대부분의 초깃값 표준편차에서 학습 진도가 빠름.

배치 정규화를 이용하지 않은 경우 초깃값이 잘 분포되지 않으면 학습이 전혀 되지 않는 경우도 있음.

PyTorch를 이용한 배치 정규화(Batch Normalization) 구현 및 비교

샘플 코드를 구현하고 결과를 확인

import torch
import torch.nn as nn
import torch.nn.functional as F

# -----------------------------------------
# 1. 배치 정규화를 사용하지 않은 단순 모델
# -----------------------------------------
class SimpleMLP(nn.Module):
    def __init__(self):
        super(SimpleMLP, self).__init__()
        self.fc1 = nn.Linear(784, 128)  # 입력층에서 첫 번째 은닉층
        self.fc2 = nn.Linear(128, 64)   # 두 번째 은닉층
        self.fc3 = nn.Linear(64, 10)    # 출력층

    def forward(self, x):
        x = x.view(-1, 784) # 이미지를 1D 벡터로 펼치기
        x = F.relu(self.fc1(x))
        x = F.relu(self.fc2(x))
        x = self.fc3(x)
        return x

# -----------------------------------------
# 2. 배치 정규화를 적용한 모델
# -----------------------------------------
class BatchNormMLP(nn.Module):
    def __init__(self):
        super(BatchNormMLP, self).__init__()
        # 선형 계층 뒤에 배치 정규화 계층 추가
        self.fc1 = nn.Linear(784, 128)
        self.bn1 = nn.BatchNorm1d(128) # 1D 데이터용 배치 정규화 (은닉층 노드 수만큼 지정)
        
        self.fc2 = nn.Linear(128, 64)
        self.bn2 = nn.BatchNorm1d(64)
        
        self.fc3 = nn.Linear(64, 10)

    def forward(self, x):
        x = x.view(-1, 784) # 이미지를 1D 벡터로 펼치기
        
        # 순서: 선형 변환 -> 배치 정규화 -> 활성화 함수(ReLU)
        x = self.fc1(x)
        x = self.bn1(x)
        x = F.relu(x)
        
        x = self.fc2(x)
        x = self.bn2(x)
        x = F.relu(x)
        
        x = self.fc3(x)
        return x

# -----------------------------------------
# 모델 사용 예시
# -----------------------------------------

# 더미 입력 데이터 생성 (미니배치 크기 32, 이미지 크기 28x28)
dummy_input = torch.randn(32, 28, 28)

# 배치 정규화 없는 모델 인스턴스화
model_simple = SimpleMLP()
output_simple = model_simple(dummy_input)
print(f"단순 MLP 출력 형태: {output_simple.shape}")

# 배치 정규화 적용 모델 인스턴스화
model_bn = BatchNormMLP()
output_bn = model_bn(dummy_input)
print(f"배치 정규화 MLP 출력 형태: {output_bn.shape}")

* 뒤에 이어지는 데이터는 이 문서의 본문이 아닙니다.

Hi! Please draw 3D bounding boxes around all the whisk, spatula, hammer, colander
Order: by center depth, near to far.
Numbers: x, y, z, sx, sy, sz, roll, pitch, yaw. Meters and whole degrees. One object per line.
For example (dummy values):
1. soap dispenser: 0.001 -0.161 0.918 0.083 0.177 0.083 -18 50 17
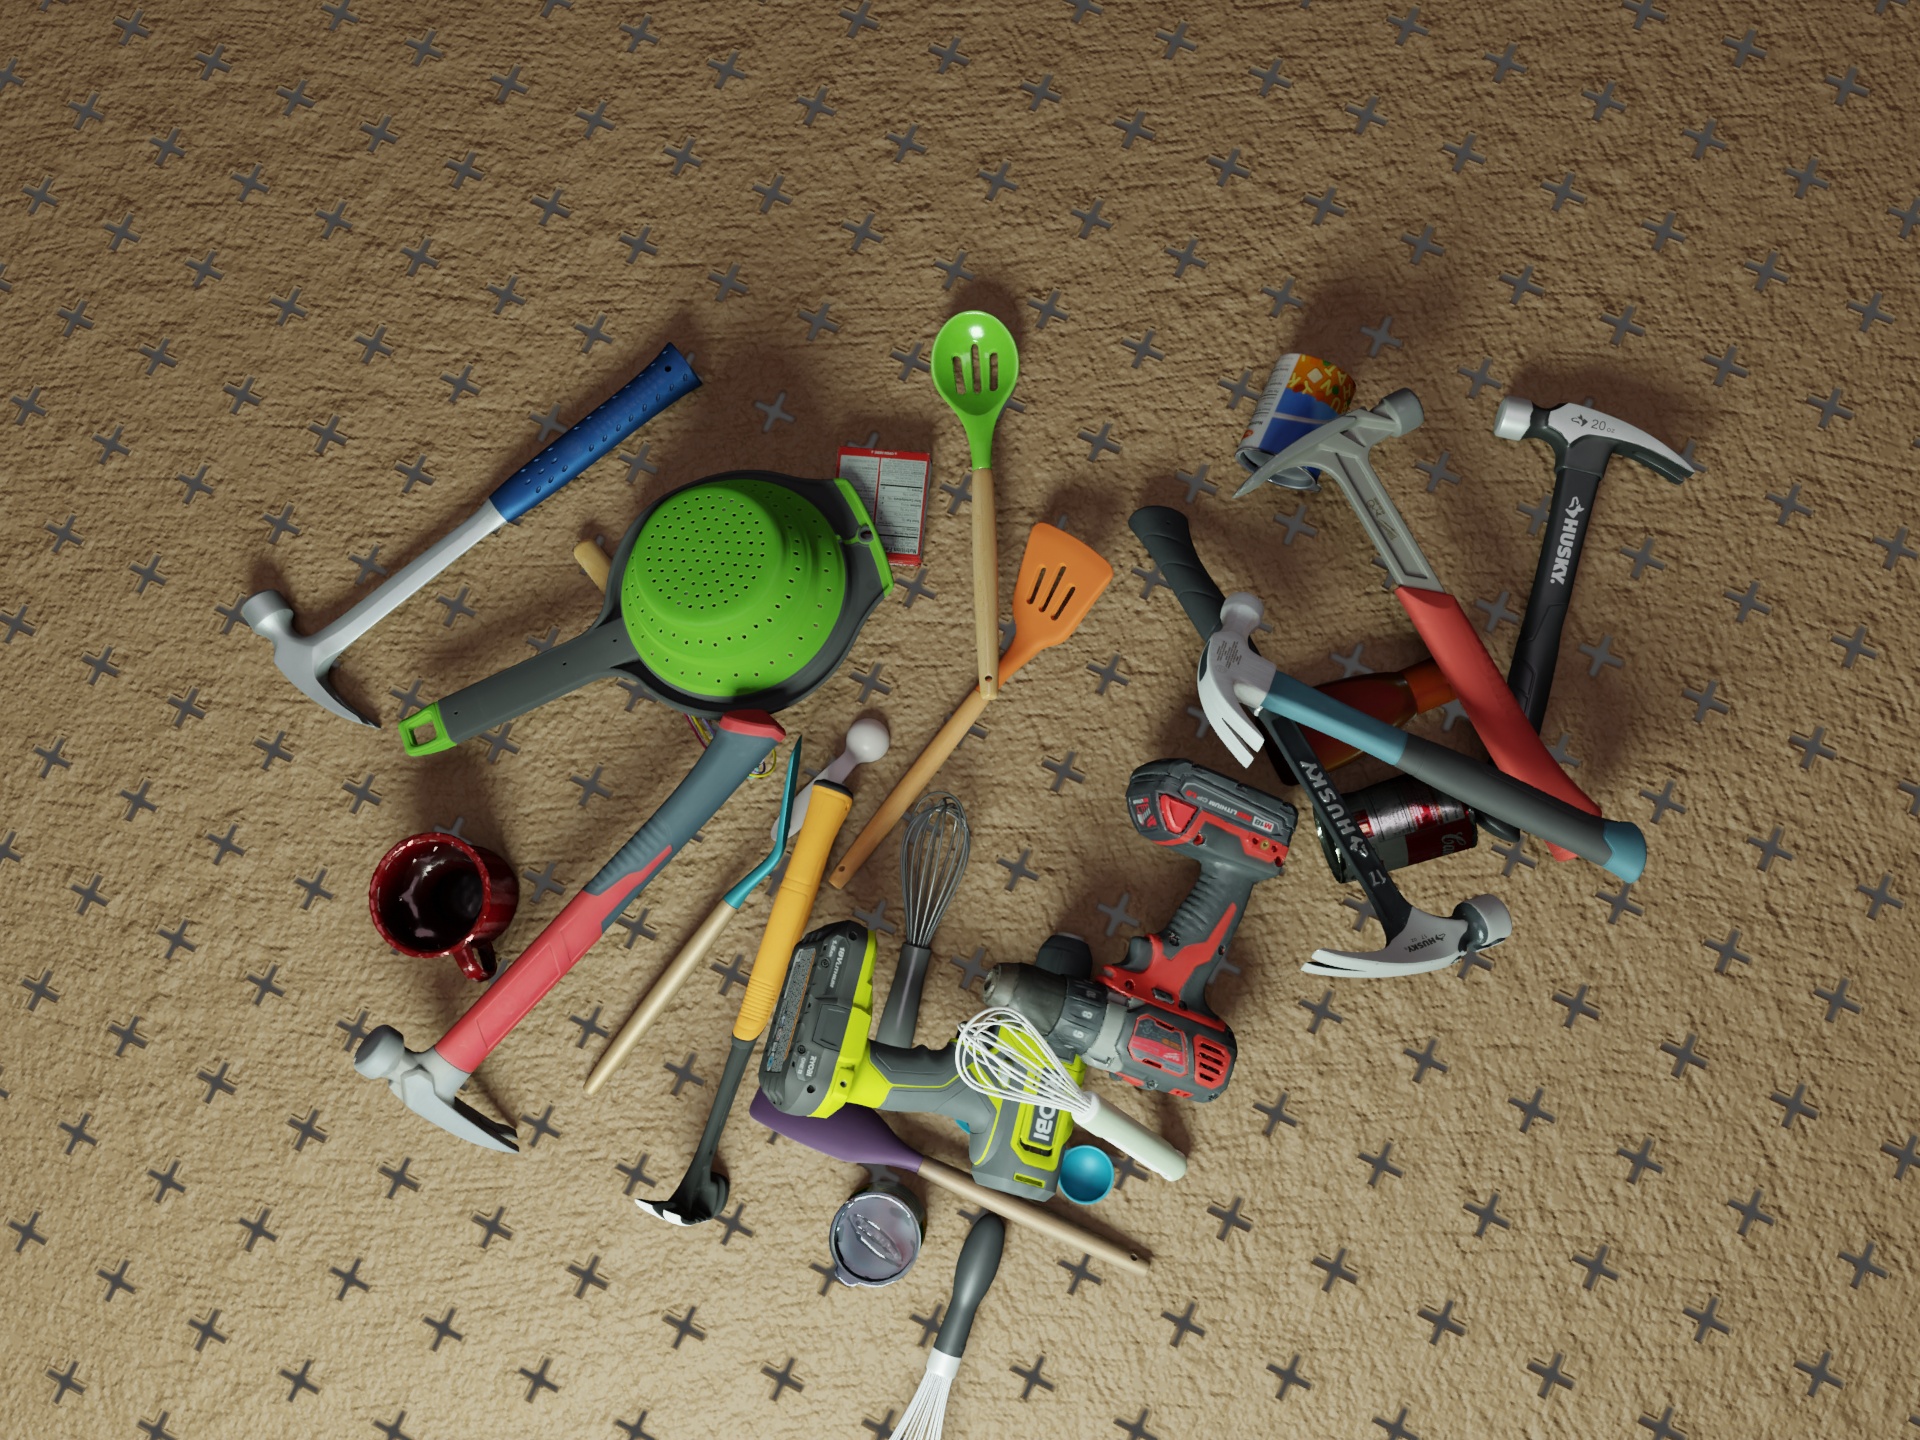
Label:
1. hammer: 0.319 0.024 1.106 0.331 0.033 0.128 25 52 4
2. whisk: 0.082 0.268 1.111 0.246 0.058 0.059 39 77 -32
3. hammer: 0.224 0.003 1.141 0.149 0.036 0.409 -15 61 -22
4. whisk: -0.023 0.496 1.150 0.070 0.070 0.285 20 79 7
5. hammer: 0.348 -0.056 1.155 0.149 0.036 0.359 -29 87 -4
6. hammer: -0.150 0.203 1.171 0.034 0.127 0.337 17 79 11
7. spatula: -0.006 0.336 1.174 0.316 0.018 0.060 25 42 2
8. hammer: -0.260 0.149 1.175 0.386 0.038 0.143 -46 118 0
9. colander: -0.251 -0.075 1.183 0.397 0.094 0.205 -24 73 1
10. whisk: -0.036 0.171 1.198 0.055 0.055 0.239 13 88 6
11. hammer: 0.445 -0.073 1.198 0.146 0.035 0.335 15 84 7
12. spatula: -0.198 0.152 1.206 0.044 0.082 0.317 36 94 -5
13. spatula: -0.002 -0.004 1.219 0.081 0.041 0.322 37 88 28
14. whisk: -0.225 -0.049 1.247 0.047 0.051 0.245 -35 76 -22
15. hammer: -0.374 -0.157 1.271 0.405 0.035 0.144 -38 81 -1

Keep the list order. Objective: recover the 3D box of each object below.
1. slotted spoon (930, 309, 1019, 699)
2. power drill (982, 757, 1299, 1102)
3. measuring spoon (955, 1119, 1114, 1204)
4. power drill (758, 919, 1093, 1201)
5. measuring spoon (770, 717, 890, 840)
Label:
1. slotted spoon: 0.016 -0.168 1.231 0.070 0.031 0.314 -3 76 5
2. power drill: 0.131 0.142 1.139 0.187 0.080 0.227 22 78 -12
3. measuring spoon: 0.054 0.321 1.187 0.129 0.021 0.042 22 75 16
4. power drill: -0.012 0.223 1.140 0.228 0.080 0.191 20 72 -18
5. measuring spoon: -0.103 0.047 1.232 0.034 0.018 0.124 43 88 8

# 학습 모드 설정 (학습 시에는 bn 계층이 미니배치 통계 사용)
model_bn.train() 

# 추론 모드 설정 (추론 시에는 저장된 이동 평균/분산 사용)
model_bn.eval()

아래는 출력 결과

단순 MLP 출력 형태: torch.Size([32, 10])
배치 정규화 MLP 출력 형태: torch.Size([32, 10])
BatchNormMLP(
  (fc1): Linear(in_features=784, out_features=128, bias=True)
  (bn1): BatchNorm1d(128, eps=1e-05, momentum=0.1, affine=True, track_running_stats=True)
  (fc2): Linear(in_features=128, out_features=64, bias=True)
  (bn2): BatchNorm1d(64, eps=1e-05, momentum=0.1, affine=True, track_running_stats=True)
  (fc3): Linear(in_features=64, out_features=10, bias=True)
)

PyTorch를 활용한 배치 정규화 효과 시각적 비교

import torch
import torch.nn as nn
import torch.nn.functional as F
import torch.optim as optim
import matplotlib.pyplot as plt
import torchvision
import torchvision.transforms as transforms
from tqdm import tqdm # 학습 진행률을 보여주는 라이브러리 (선택 사항)

# --- (이전 SimpleMLP 및 BatchNormMLP 클래스 정의 코드는 여기에 그대로 유지) ---
class SimpleMLP(nn.Module):
    def __init__(self):
        super(SimpleMLP, self).__init__()
        self.fc1 = nn.Linear(784, 128)
        self.fc2 = nn.Linear(128, 64)
        self.fc3 = nn.Linear(64, 10)
    def forward(self, x):
        x = x.view(-1, 784)
        x = F.relu(self.fc1(x))
        x = F.relu(self.fc2(x))
        x = self.fc3(x)
        return x

class BatchNormMLP(nn.Module):
    def __init__(self):
        super(BatchNormMLP, self).__init__()
        self.fc1 = nn.Linear(784, 128)
        self.bn1 = nn.BatchNorm1d(128)
        self.fc2 = nn.Linear(128, 64)
        self.bn2 = nn.BatchNorm1d(64)
        self.fc3 = nn.Linear(64, 10)
    def forward(self, x):
        x = x.view(-1, 784)
        x = self.fc1(x)
        x = self.bn1(x)
        x = F.relu(x)
        x = self.fc2(x)
        x = self.bn2(x)
        x = F.relu(x)
        x = self.fc3(x)
        return x
# -----------------------------------------------------------------------

# -----------------------------------------
# 3. 실제 학습 및 시각화 코드 추가
# -----------------------------------------

# 하이퍼파라미터 설정
NUM_EPOCHS = 10
BATCH_SIZE = 64
LEARNING_RATE = 0.01

# 1. 데이터 로드 (MNIST 사용)
transform = transforms.Compose([transforms.ToTensor(), transforms.Normalize((0.5,), (0.5,))])
trainset = torchvision.datasets.MNIST(root='./data', train=True, download=True, transform=transform)
trainloader = torch.utils.data.DataLoader(trainset, batch_size=BATCH_SIZE, shuffle=True)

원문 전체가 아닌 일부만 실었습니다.